There are many, many different recipes (some with mustard, some not, for instance). My preferred method is to cut the beef into chunks, season heavily with paprika, salt and pepper (sometimes I dredge in flour seasoned with those, because I end up with a thicker sauce), brown the beef in fat of your choice, remove from the pan for the moment so you don't overcook it. Melt butter in the pan, add sliced shallots and mushrooms, cook them down, add broth or wine or other liquids to get the sauce you want. Thicken with sour cream. Return the beef to the pan. Serve over cooked buttered noodles. Yum. (If your sauce hasn't thickened, you can mix the buttered noodles into the pan before bringing it to the table. Some of us home cooks resort to such gauche measures to cover our mistakes. It still tastes great.)

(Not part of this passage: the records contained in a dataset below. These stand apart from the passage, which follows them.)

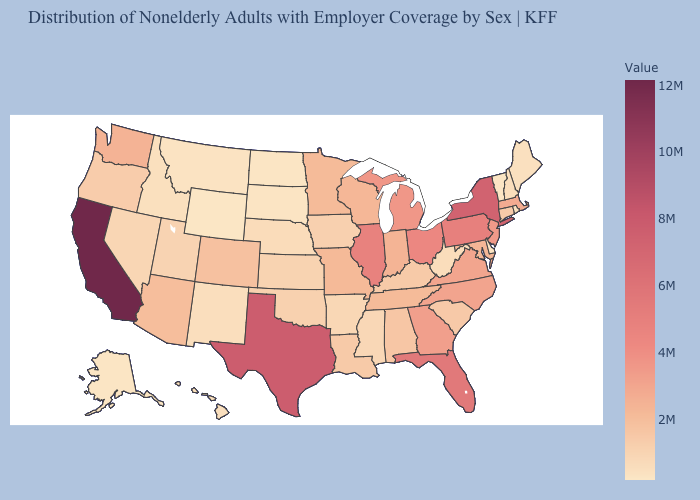Does California have the highest value in the USA?
Be succinct. Yes. Which states hav the highest value in the Northeast?
Keep it brief. New York. Among the states that border California , does Nevada have the lowest value?
Short answer required. Yes. Does Indiana have a higher value than Idaho?
Answer briefly. Yes. 
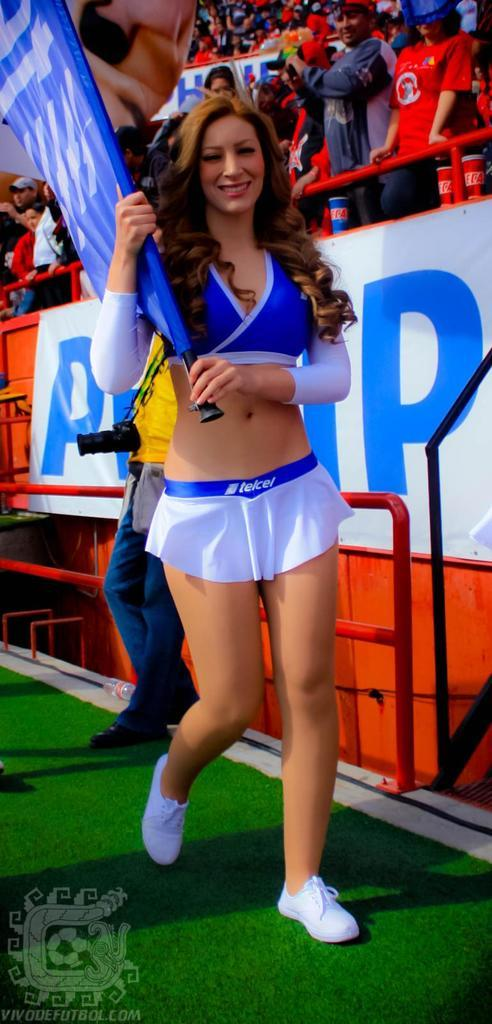<image>
Give a short and clear explanation of the subsequent image. A cheerleader is holding a flag at a sports game and her skirt says telcel. 
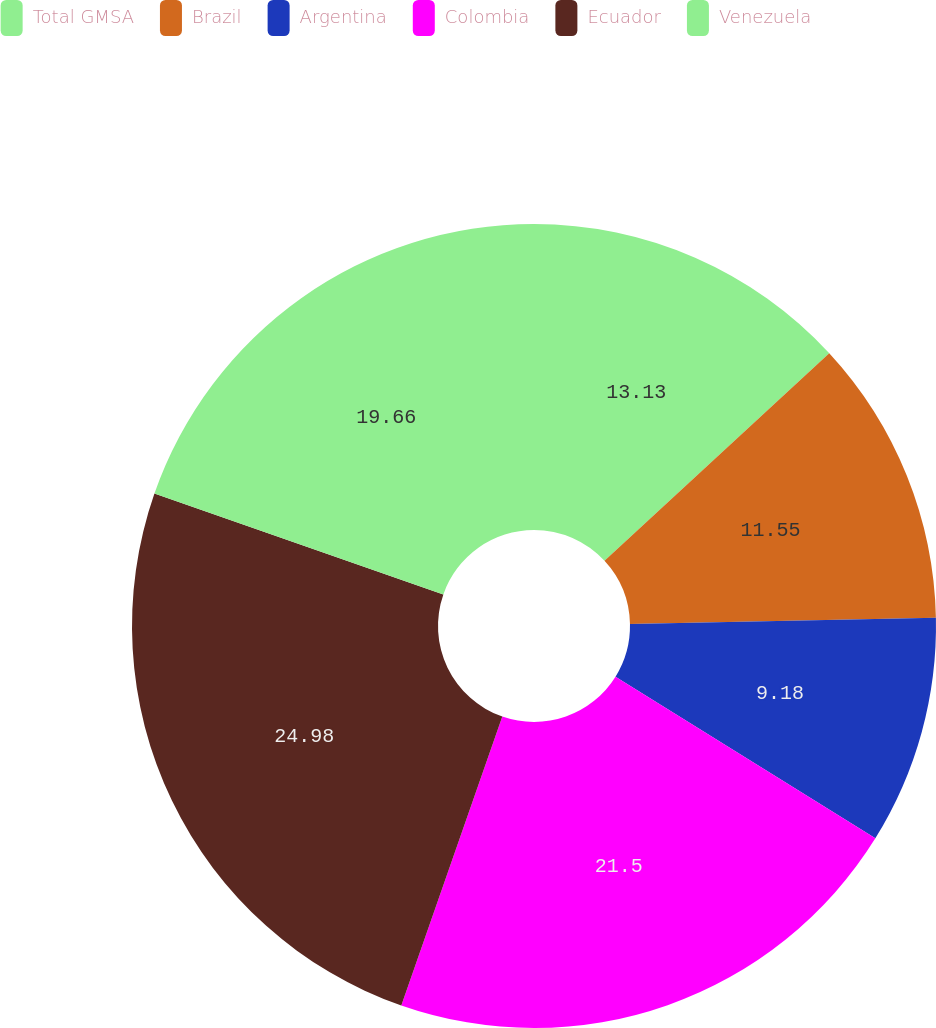Convert chart to OTSL. <chart><loc_0><loc_0><loc_500><loc_500><pie_chart><fcel>Total GMSA<fcel>Brazil<fcel>Argentina<fcel>Colombia<fcel>Ecuador<fcel>Venezuela<nl><fcel>13.13%<fcel>11.55%<fcel>9.18%<fcel>21.5%<fcel>24.99%<fcel>19.66%<nl></chart> 
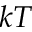Convert formula to latex. <formula><loc_0><loc_0><loc_500><loc_500>k T</formula> 
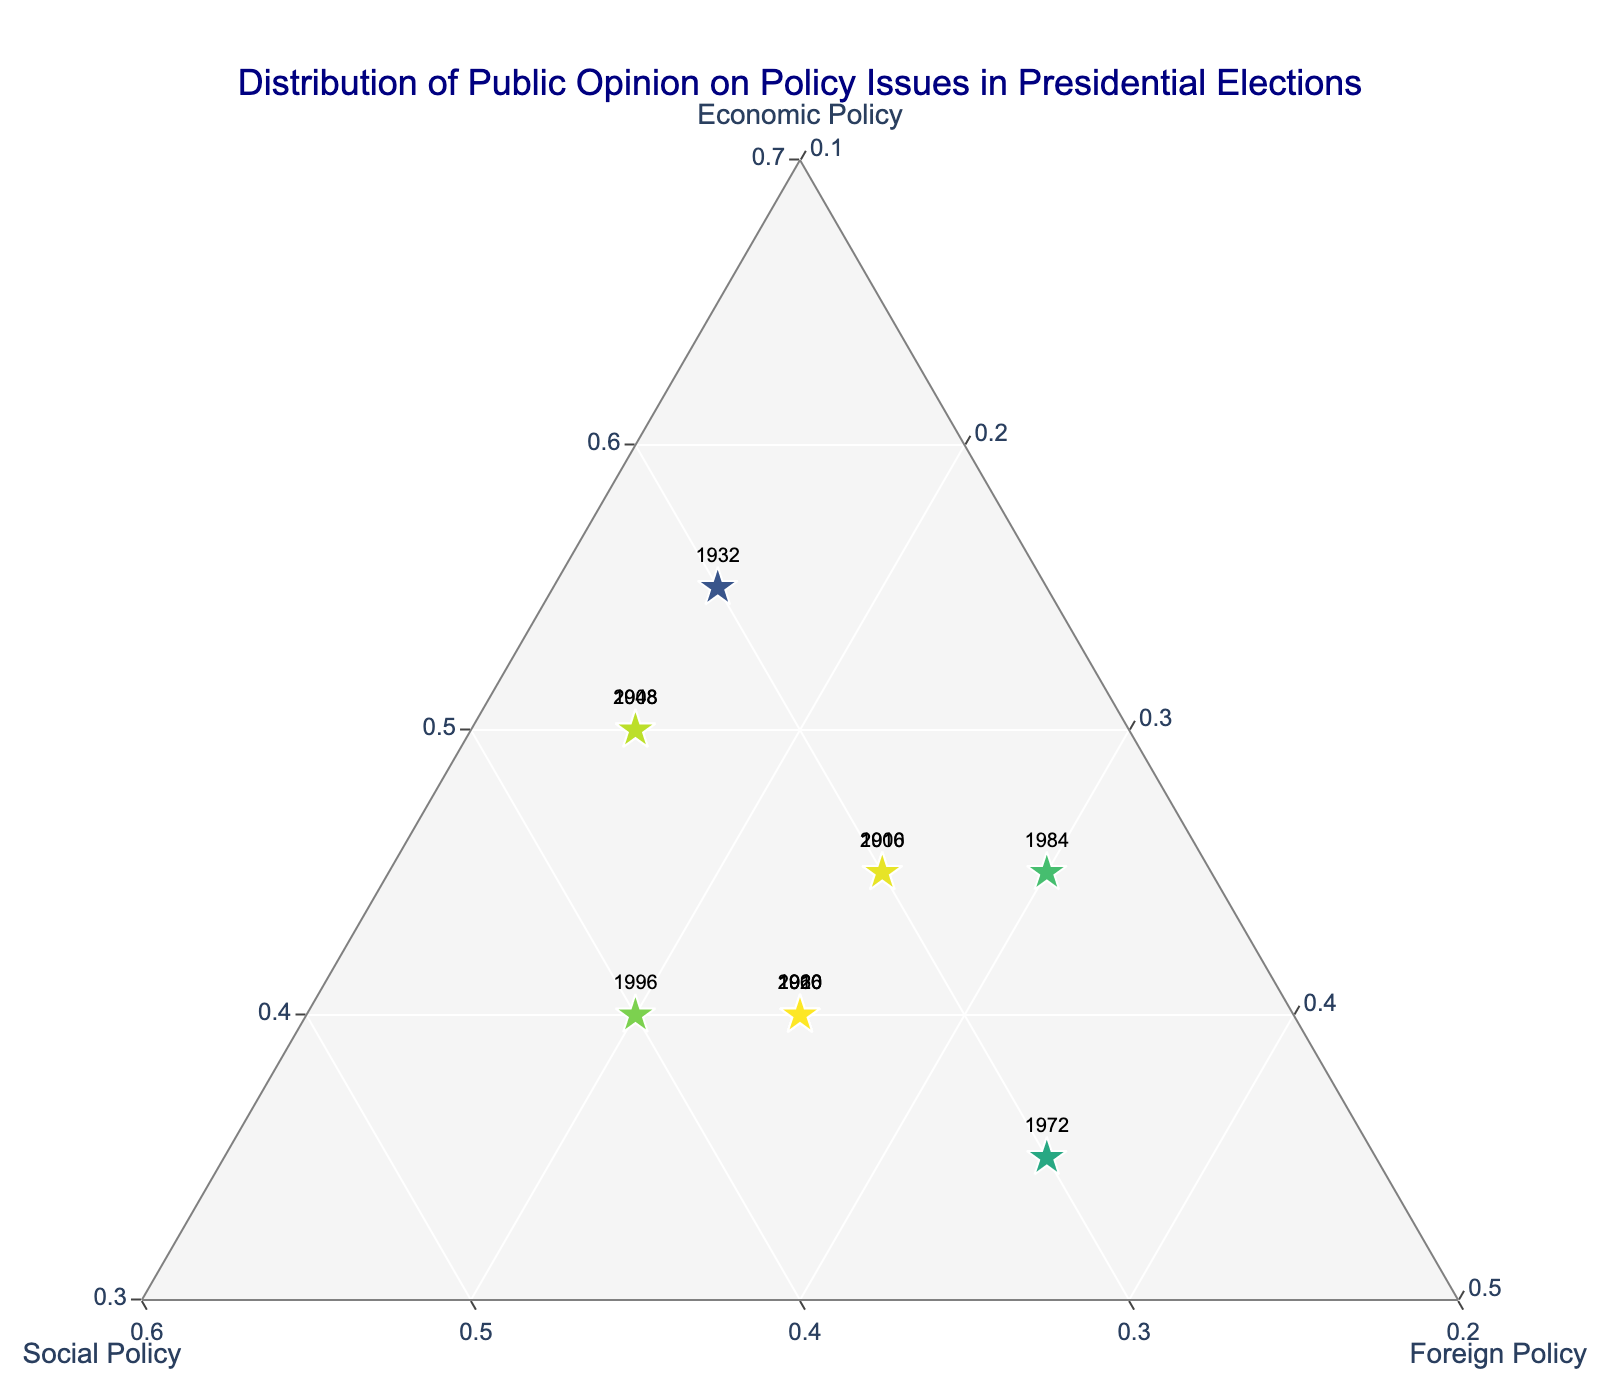What is the title of the figure? The title of a figure is usually displayed at the top and describes what the plot is about. By looking at the top center of the plot, we see the title "Distribution of Public Opinion on Policy Issues in Presidential Elections".
Answer: Distribution of Public Opinion on Policy Issues in Presidential Elections How are the axes of the ternary plot labeled? In a ternary plot, there are typically three axes that represent the components being measured. The axis labels are viewed as "Economic Policy", "Social Policy", and "Foreign Policy" from their respective directions.
Answer: Economic Policy, Social Policy, Foreign Policy Which election years have the highest focus on economic policy? To identify the years with the highest focus on economic policy, we look at the points positioned closest to the Economic Policy corner. These are the years with the highest percentage of economic policy focus, approximately 55%, are 1932 and 2008.
Answer: 1932, 2008 In which election year was the public opinion on social policy the most dominant? We need to find the point closest to the Social Policy corner since that would indicate the highest percentage. The year with around 40% focus on social policy is 1996.
Answer: 1996 How does the distribution of public opinion in 1972 compare to 2020? Look for the labeled markers for the years 1972 and 2020. 1972 is further away from Economic Policy, with around 35% Foreign Policy focus, while 2020 has a more balanced distribution among the three policies. Thus, in 1972, Foreign Policy is more dominant, whereas, in 2020, opinions are more evenly distributed.
Answer: 1972: More focus on Foreign Policy; 2020: More balanced What trend can be identified in the focus on economic policy from 1900 to 2020? To determine the trend, check the positioning of points associated with Economic Policy over the years. Early years like 1900 have lower Economic Policy percentages whereas recent years like 1932 and 2008 show higher percentages. Overall, Economic Policy focus has increased over the years.
Answer: Increased Which election years have the most balanced focus on economic, social, and foreign policies? Balanced focus would mean points that are closer to the center of the ternary plot. The year 1960, which is closer to the center, indicates a balanced focus with each policy making up roughly equal parts.
Answer: 1960 In which election year was there the least focus on foreign policy? Focus on foreign policy can be measured by the proximity of points to the Foreign Policy corner. The year 1932, positioned closer to Economic Policy and far from Foreign Policy, indicates the least focus, around 15%.
Answer: 1932 
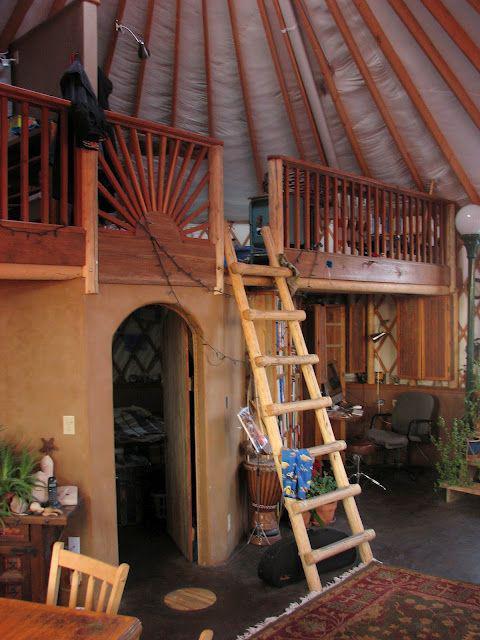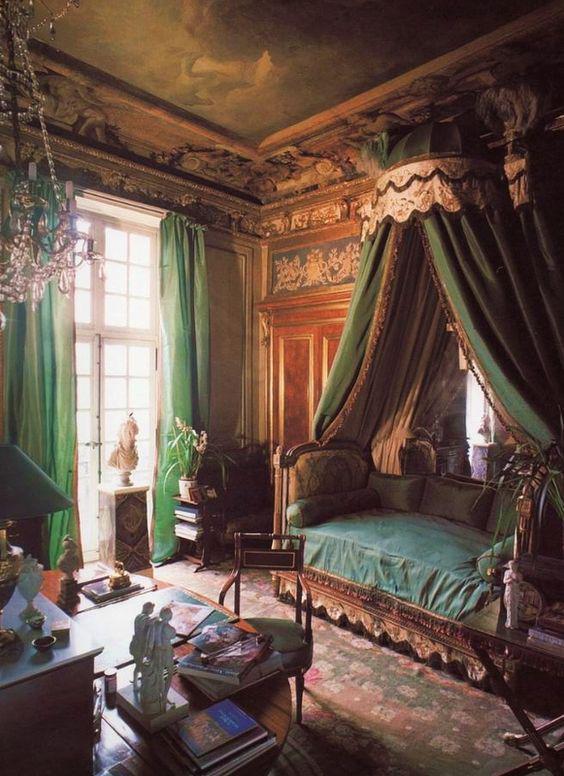The first image is the image on the left, the second image is the image on the right. Given the left and right images, does the statement "One of the images shows a second floor balcony area with a wooden railing." hold true? Answer yes or no. Yes. 
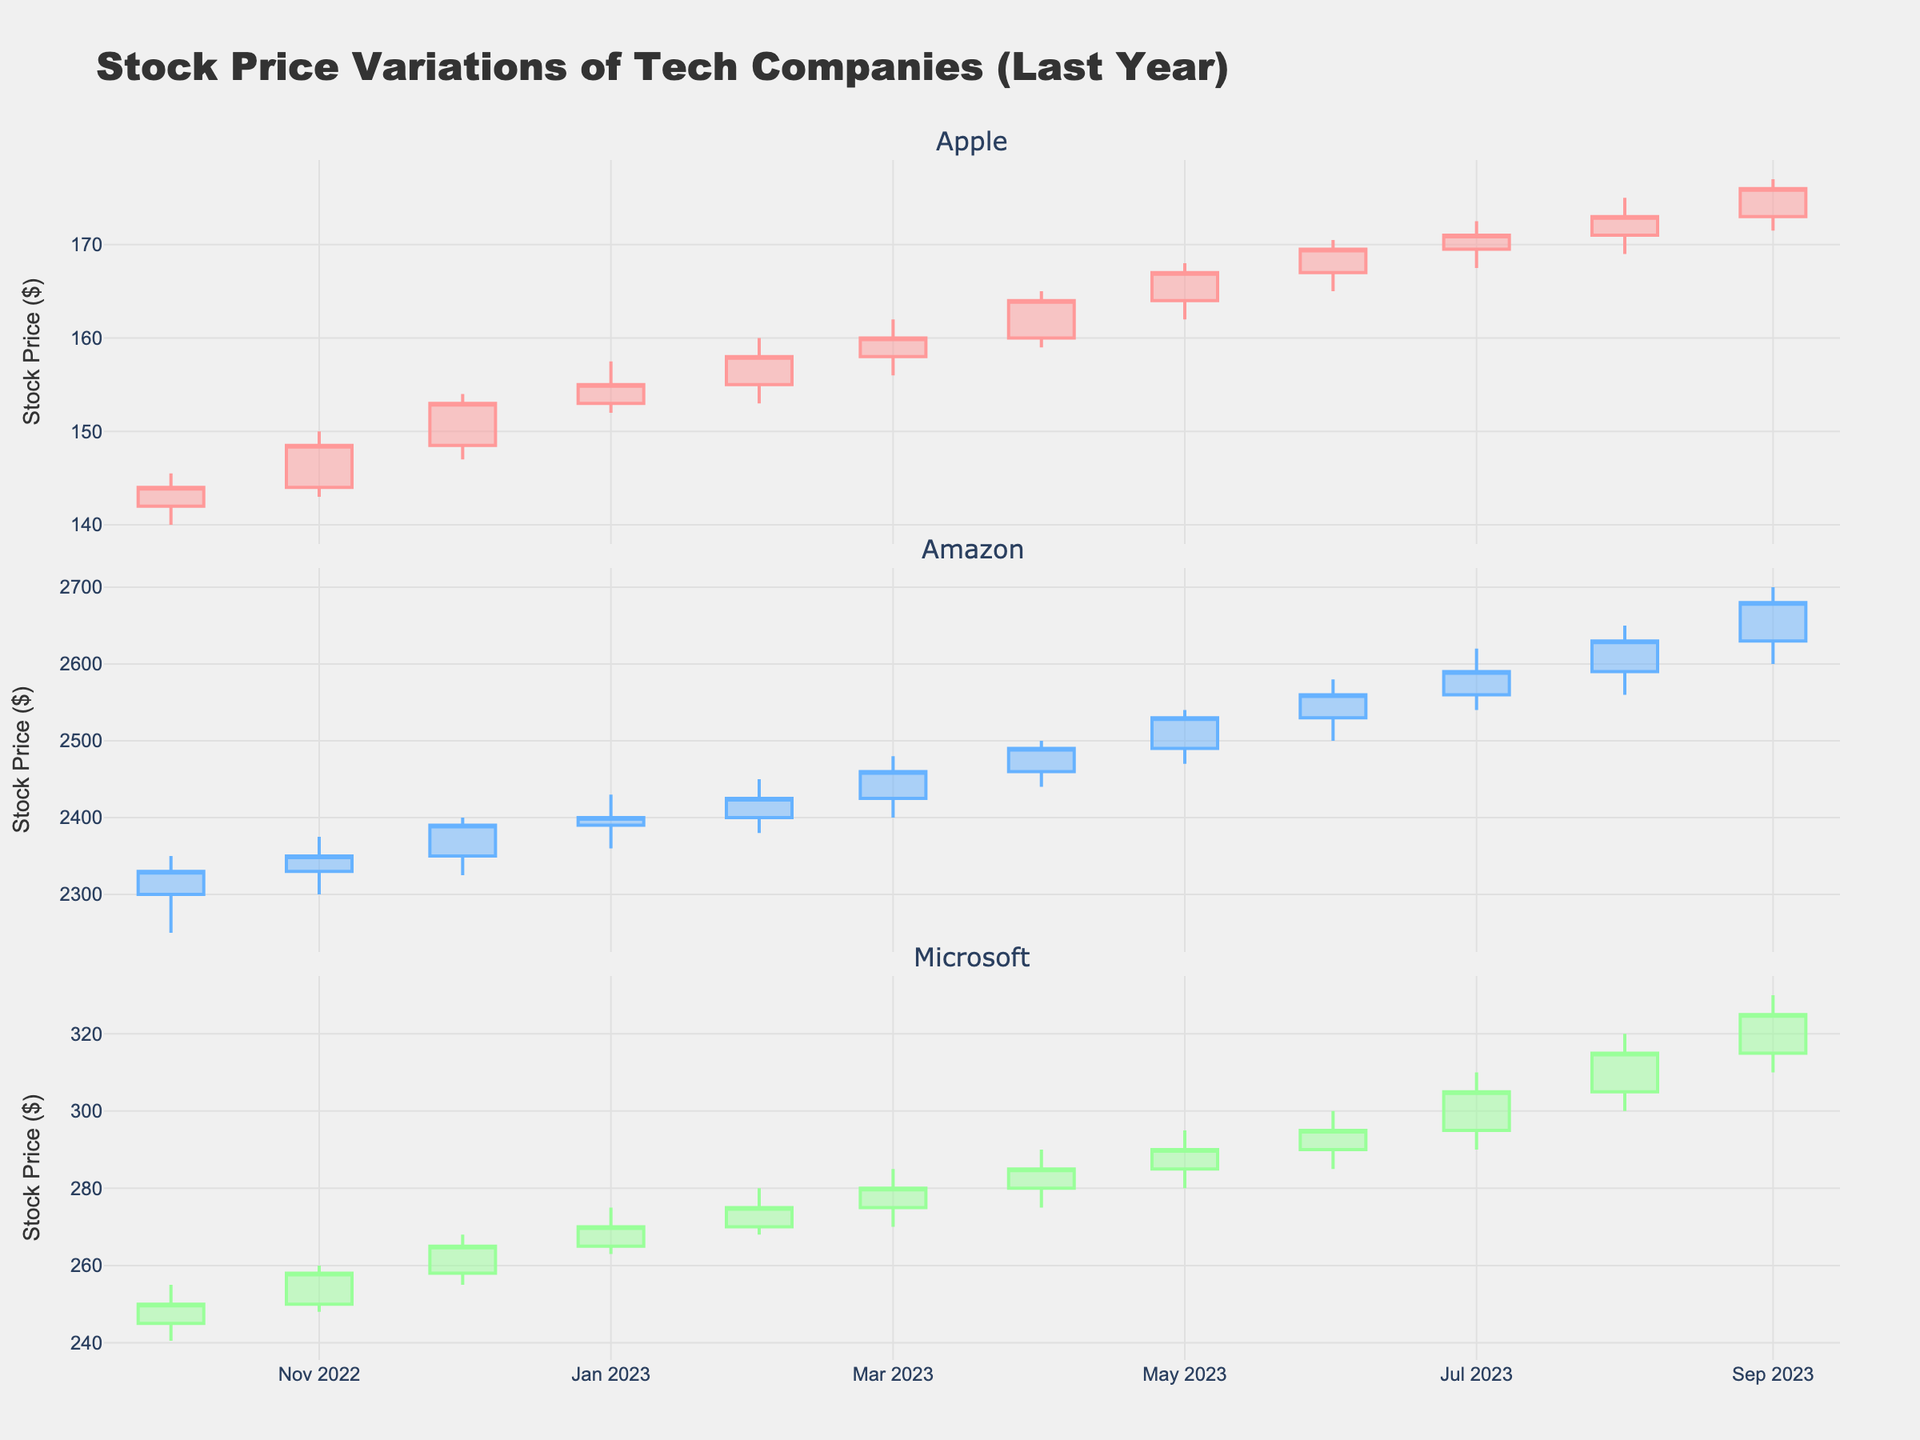What is the title of the plot? The title is usually displayed prominently at the top of the plot. In this case, look for the largest text, typically in bold, at the top.
Answer: Stock Price Variations of Tech Companies (Last Year) Which company showed the highest stock price in August 2023? Identify the candlestick for August 2023 in each subplot. Compare the high values of each candlestick.
Answer: Amazon What is the color of the increasing candlesticks for Apple? Look for the color of the candlesticks that show increasing stock prices in the Apple subplot.
Answer: Red Which company's stock had the highest closing price in the last month shown on the plot? Look at the closing prices (the right edges of the candlesticks) for the last month in each subplot and compare them.
Answer: Amazon How did Apple's stock price change from February 2023 to March 2023? Check the closing prices for February and March in the Apple subplot and calculate the difference.
Answer: Increased Which company had the largest range in its stock price in July 2023? For July 2023, find the difference between the high and low prices for each company and compare the ranges.
Answer: Microsoft What was the lowest stock price for Microsoft throughout the entire period? Identify the lowest points of the candlesticks over all the months in the Microsoft subplot.
Answer: $240.50 Compare the trading volume of Amazon and Microsoft in May 2023. Look for the data points indicating trading volume for both companies in May and compare them.
Answer: Amazon has lower volume What is the average closing price of Apple's stock over the period shown in the plot? Sum up the closing prices for each month for Apple and divide by the number of months.
Answer: $162.12 Did all three companies’ stocks generally increase, decrease, or remain stable over the last year? Observe the trend lines formed by the closing prices from the start to the end of the period for all three companies.
Answer: Increase

For another take, consider beef stir-fry, served over rice.

Sauces over pan-fried steaks have already been discussed above. Once you start in on the sauces, you'll never go back to basic pan-fried steaks unless they are very, very good steaks.

Nancy Smith, aka "Smithy"
HosteG Forumsnsmith@egstaff.org

"Every day should be filled with something delicious, because life is too short not to spoil yourself. " -- Ling (with permission)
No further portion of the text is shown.